CategoricalOutput class has the functionality to do weight-tying, when we provide the EmbeddingTable related to the target feature in the `to_call` method. 

**Weight Tying:** Sharing the weight matrix between input-to-embedding layer and output-to-softmax layer; That is, instead of using two weight matrices, we just use only one weight matrix. The intuition behind doing so is to combat the problem of overfitting. Thus, weight tying can be considered as a form of regularization.

In [19]:
item_id_name = train.schema.select_by_tag(Tags.ITEM_ID).first.properties['domain']['name']
print(item_id_name)

city_id


In [20]:
prediction_task= mm.CategoricalOutput(
    to_call=input_block["categorical"][item_id_name],
    logits_temperature=TEMPERATURE_SCALING,
)

In [21]:
model_transformer = mm.Model(dense_block, mlp_block2, prediction_task)

In [22]:
optimizer = tf.keras.optimizers.Adam(
    learning_rate=LEARNING_RATE,
)

In [23]:
%%time
model_transformer.compile(run_eagerly=False, optimizer=optimizer, loss="categorical_crossentropy",
              metrics=mm.TopKMetricsAggregator.default_metrics(top_ks=[4])
             )
model_transformer.fit(train, batch_size=512, epochs=3, pre=mm.SequenceMaskRandom(schema=seq_schema, target=target, masking_prob=0.1))

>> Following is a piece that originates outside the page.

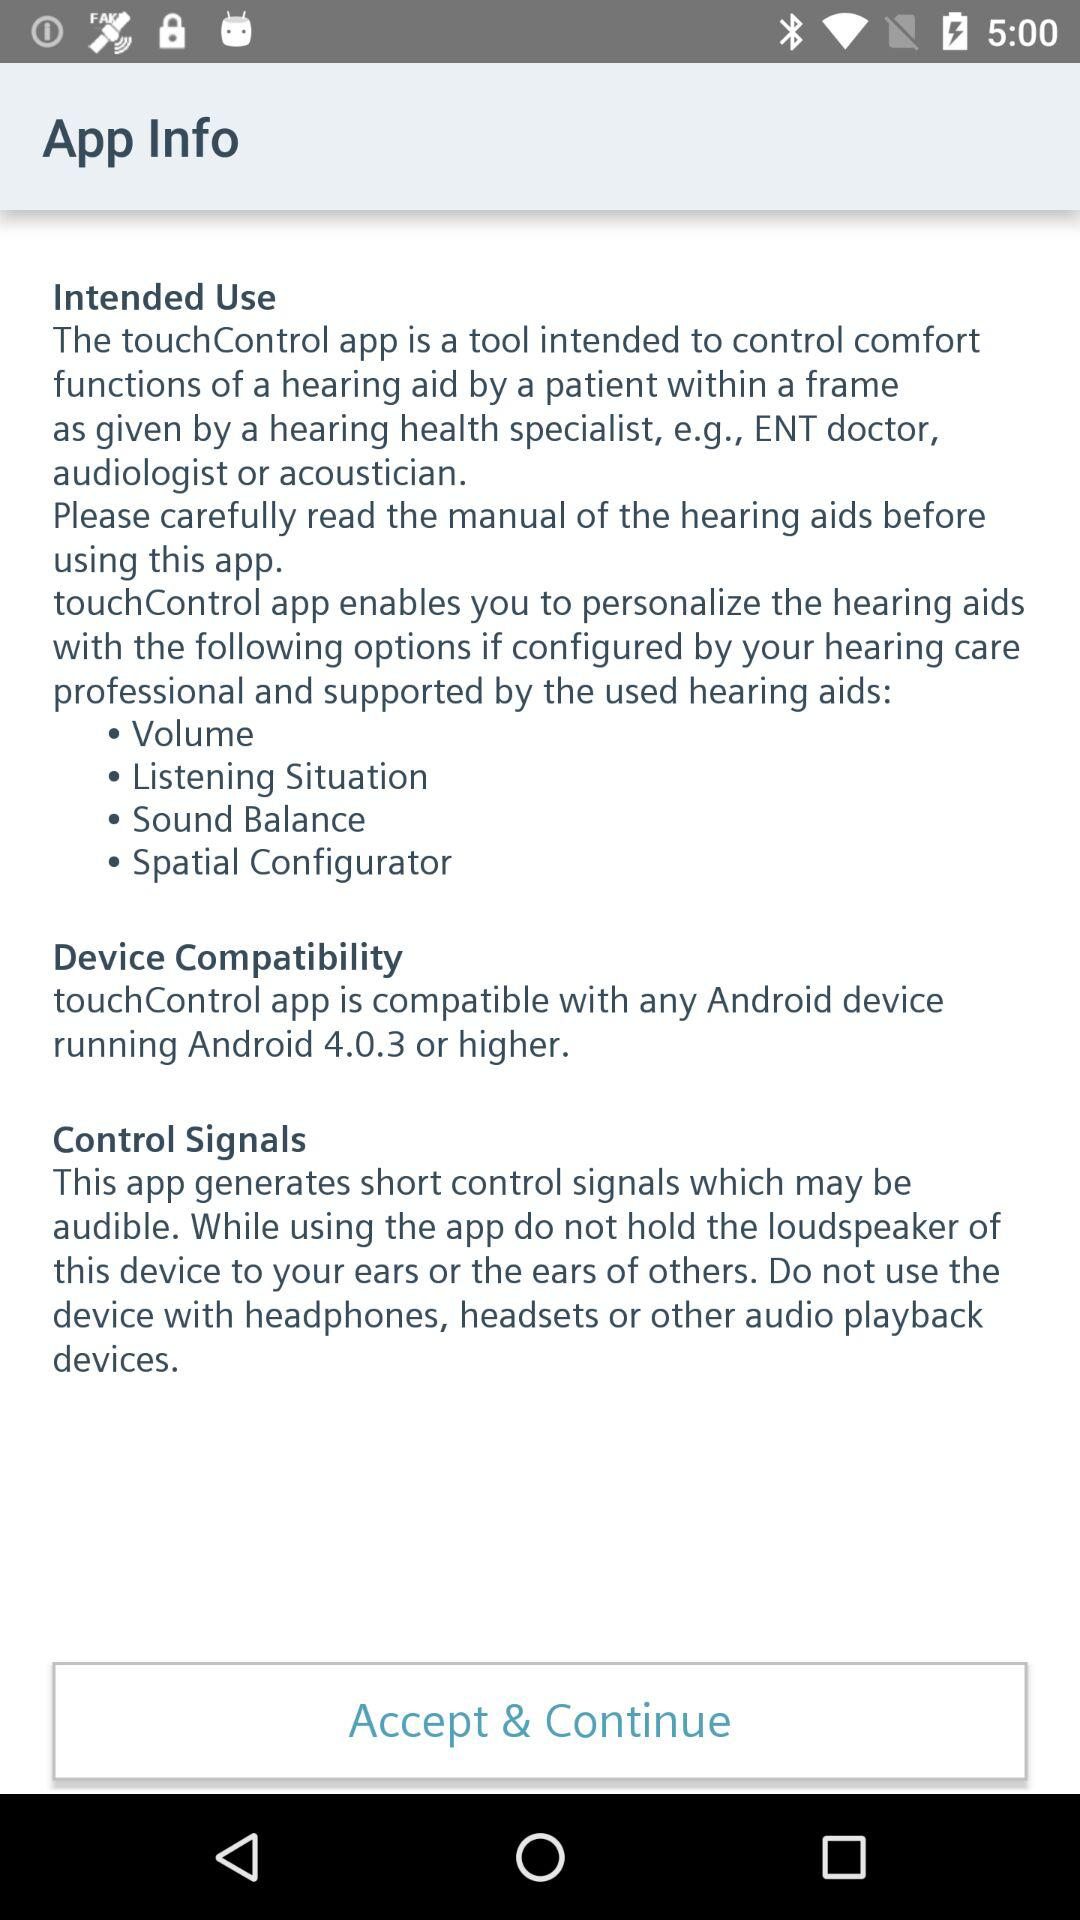How many options are available for personalizing the hearing aids?
Answer the question using a single word or phrase. 4

2023-02-23 00:26:28.697454: I tensorflow/stream_executor/cuda/cuda_dnn.cc:424] Loaded cuDNN version 8700


Epoch 1/3






2023-02-23 00:26:53.317384: W tensorflow/core/grappler/optimizers/loop_optimizer.cc:907] Skipping loop optimization for Merge node with control input: model/sequential_block_4/xl_net_block/replace_masked_embeddings/RaggedWhere/Assert/AssertGuard/branch_executed/_170


Epoch 2/3
Epoch 3/3
CPU times: user 4min 49s, sys: 36.1 s, total: 5min 26s
Wall time: 4min 7s


<keras.callbacks.History at 0x7f8802818e50>

In [24]:
predict_last = mm.SequenceMaskLast(schema=seq_schema, target=target)

In [25]:
valid.schema = train.schema

In [26]:
model_transformer.evaluate(
    valid,
    batch_size=1024,
    pre=predict_last,
    return_dict=True
)

2023-02-23 00:30:27.757963: W tensorflow/core/grappler/optimizers/loop_optimizer.cc:907] Skipping loop optimization for Merge node with control input: model/sequential_block_4/xl_net_block/replace_masked_embeddings/RaggedWhere/Assert/AssertGuard/branch_executed/_131




{'loss': 0.3793621063232422,
 'recall_at_4': 0.47486501932144165,
 'mrr_at_4': 0.32167568802833557,
 'ndcg_at_4': 0.3602368235588074,
 'map_at_4': 0.32167568802833557,
 'precision_at_4': 0.11871625483036041,
 'regularization_loss': 0.0,
 'loss_batch': 0.3642217814922333}

- ReplaceMaskedEmbeddings and SequenceMaskRandom are used together: replacement embeddings are learned during the training
- ReplaceMaskedEmbeddings and SequencePredictNext are used together: replacement embeddings are not learned during the training

we can have an xlnet with `SequencePredictLast` and with a post with sequence summary set to last. This is about how we learn the representation of the sequence.